Records contained in a dataset
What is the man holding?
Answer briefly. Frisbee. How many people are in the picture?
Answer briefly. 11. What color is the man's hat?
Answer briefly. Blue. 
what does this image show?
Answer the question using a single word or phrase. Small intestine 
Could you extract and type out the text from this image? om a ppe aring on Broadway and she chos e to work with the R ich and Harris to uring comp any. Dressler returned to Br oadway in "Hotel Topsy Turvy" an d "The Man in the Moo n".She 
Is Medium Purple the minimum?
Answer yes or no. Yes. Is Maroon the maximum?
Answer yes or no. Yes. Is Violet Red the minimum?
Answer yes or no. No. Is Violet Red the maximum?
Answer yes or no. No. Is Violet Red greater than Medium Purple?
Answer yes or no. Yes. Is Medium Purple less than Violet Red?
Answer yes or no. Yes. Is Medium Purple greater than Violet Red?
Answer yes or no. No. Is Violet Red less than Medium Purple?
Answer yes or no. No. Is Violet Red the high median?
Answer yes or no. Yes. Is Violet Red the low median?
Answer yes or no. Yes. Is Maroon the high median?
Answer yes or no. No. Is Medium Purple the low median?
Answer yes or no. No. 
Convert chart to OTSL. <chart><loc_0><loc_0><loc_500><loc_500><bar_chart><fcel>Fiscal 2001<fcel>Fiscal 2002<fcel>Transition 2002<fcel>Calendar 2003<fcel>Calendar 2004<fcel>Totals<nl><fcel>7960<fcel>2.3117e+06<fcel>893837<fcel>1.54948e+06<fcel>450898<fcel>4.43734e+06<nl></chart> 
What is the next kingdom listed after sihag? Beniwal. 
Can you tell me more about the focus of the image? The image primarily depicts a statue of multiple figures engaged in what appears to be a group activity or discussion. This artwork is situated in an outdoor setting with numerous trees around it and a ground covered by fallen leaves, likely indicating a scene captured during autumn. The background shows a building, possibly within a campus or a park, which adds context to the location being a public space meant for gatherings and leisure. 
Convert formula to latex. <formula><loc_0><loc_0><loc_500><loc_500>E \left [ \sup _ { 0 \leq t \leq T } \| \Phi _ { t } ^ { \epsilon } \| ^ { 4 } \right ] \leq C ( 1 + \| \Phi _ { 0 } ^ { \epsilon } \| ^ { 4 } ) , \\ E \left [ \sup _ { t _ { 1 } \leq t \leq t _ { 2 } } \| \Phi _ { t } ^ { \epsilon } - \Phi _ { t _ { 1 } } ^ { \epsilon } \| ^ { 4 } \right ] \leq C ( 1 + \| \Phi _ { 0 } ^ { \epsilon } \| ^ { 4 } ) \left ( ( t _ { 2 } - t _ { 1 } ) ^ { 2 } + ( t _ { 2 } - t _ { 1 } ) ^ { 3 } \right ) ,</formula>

* WORK TO COMPLETE *
Would you copy all lines in the records where the string "image" appears?

* RESPONSE *
what does this image show?
Could you extract and type out the text from this image? om a ppe aring on Broadway and she chos e to work with the R ich and Harris to uring comp any. Dressler returned to Br oadway in "Hotel Topsy Turvy" an d "The Man in the Moo n".She 
Can you tell me more about the focus of the image? The image primarily depicts a statue of multiple figures engaged in what appears to be a group activity or discussion. This artwork is situated in an outdoor setting with numerous trees around it and a ground covered by fallen leaves, likely indicating a scene captured during autumn. The background shows a building, possibly within a campus or a park, which adds context to the location being a public space meant for gatherings and leisure. 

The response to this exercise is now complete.